ICTSI argues it was unfairly excluded from the bidding process before the final award was made. According to the company, INCOP initially confirmed that ICTSI met the required debt-to-equity ratio conditions, before later reversing its position and disqualifying the operator. This move, ICTSI claims, effectively left the Maersk–Hapag-backed consortium as the only remaining bidder. 

“We welcome the CGR’s decision as a first step toward correcting a process plagued by irregularities and lack of transparency,” said Bart Wiersum, ICTSI’s director of business development for the Americas. 

The company further alleges that the evaluation committee changed the methodology used to calculate debt-to-equity ratios without technical justification, shifting its result from a compliant 1.33 to a non-compliant 2.16, despite no changes in the underlying financial data. 

ICTSI has also raised questions over the transparency of the winning consortium’s documentation, referencing claims by former congressman Eli Feinzaig that more than 60% of the financial submissions were illegible. 

Beyond financial issues, the appeal also targets the technical validity of the consortium’s port design. Independent engineering assessments cited in the filing point to potential shortcomings in berth configuration and simultaneous vessel operations, suggesting the design may not fully meet international safety standards required under the tender. ICTSI also argues that local weather and wave conditions could reduce actual berth availability below the levels projected in the bid. 

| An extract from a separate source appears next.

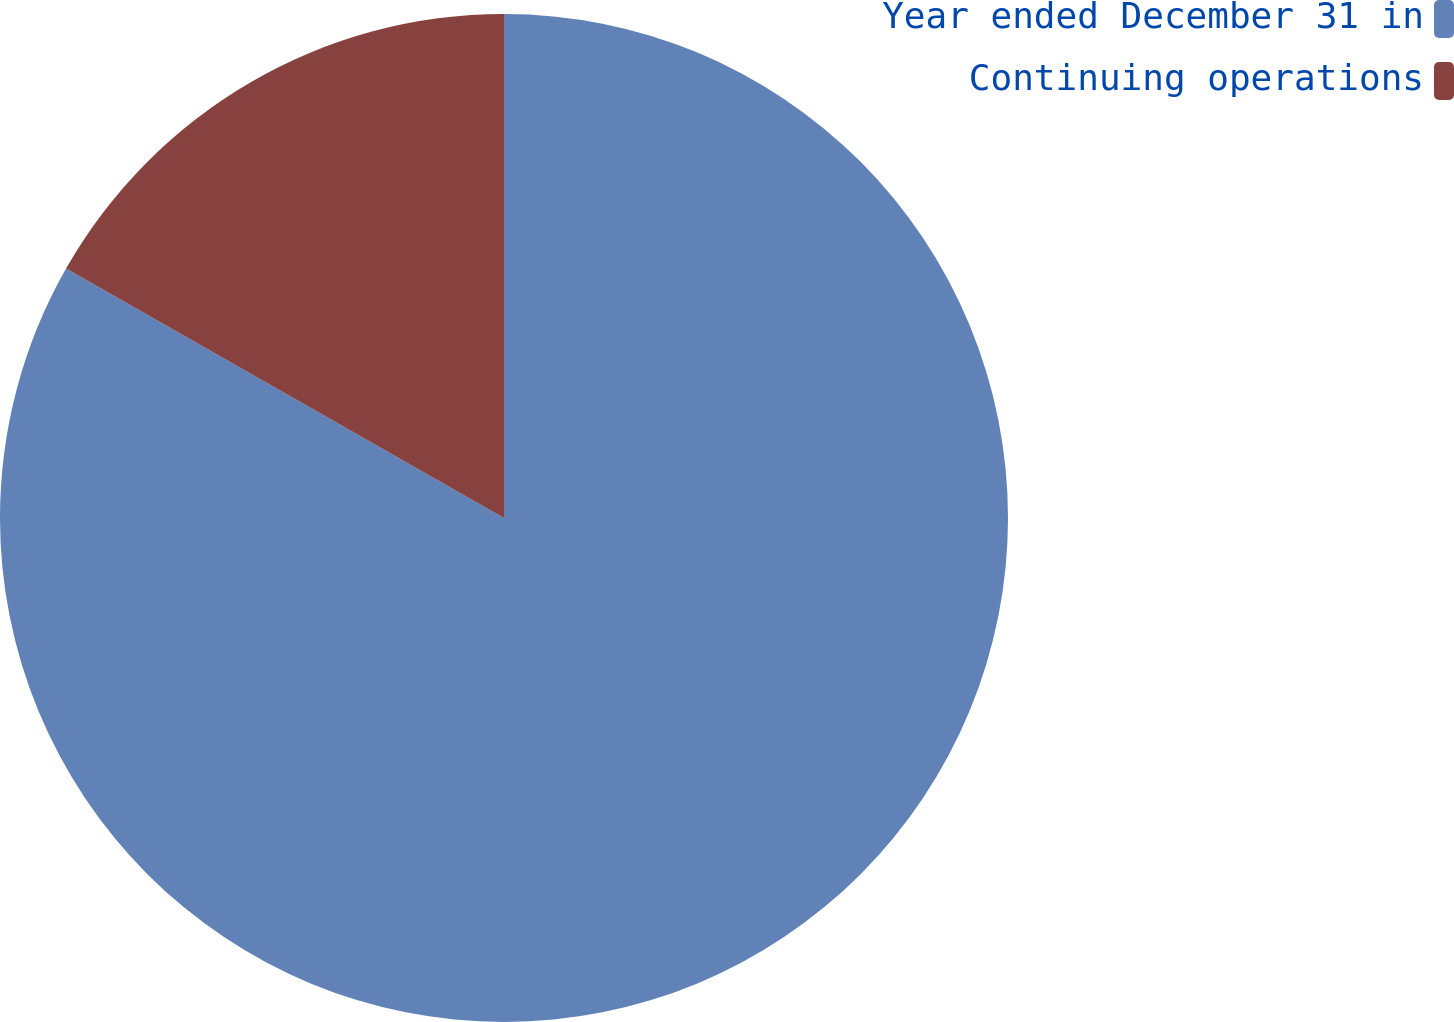<chart> <loc_0><loc_0><loc_500><loc_500><pie_chart><fcel>Year ended December 31 in<fcel>Continuing operations<nl><fcel>83.24%<fcel>16.76%<nl></chart>

Competition concerns have also been raised regarding the structure of the winning consortium. ICTSI claims that APM Terminals and Hanseatic Global Terminals could have participated independently, and argues that INCOP failed to notify Costa Rica’s competition authority, COPROCOM, of potential antitrust implications linked to the joint bid. 

The CGR has now given INCOP and Consorcio Sunset five business days to respond to the allegations. A ruling is expected within 40 business days, with the possibility of a 15-business-day extension. 

The timeline adds pressure given that the current Puerto Caldera concession expires in August 2026, leaving limited room for delays in a project seen as essential to Costa Rica’s long-term trade infrastructure. 

The dispute also reflects a broader competitive dynamic between ICTSI and Maersk-linked terminal operators in global port concessions. In a similar case last year in Durban, ICTSI successfully defended its role as terminal operator after a court dismissed a challenge backed by Maersk interests, which had questioned procurement and evaluation procedures—issues now resurfacing in Costa Rica’s review process.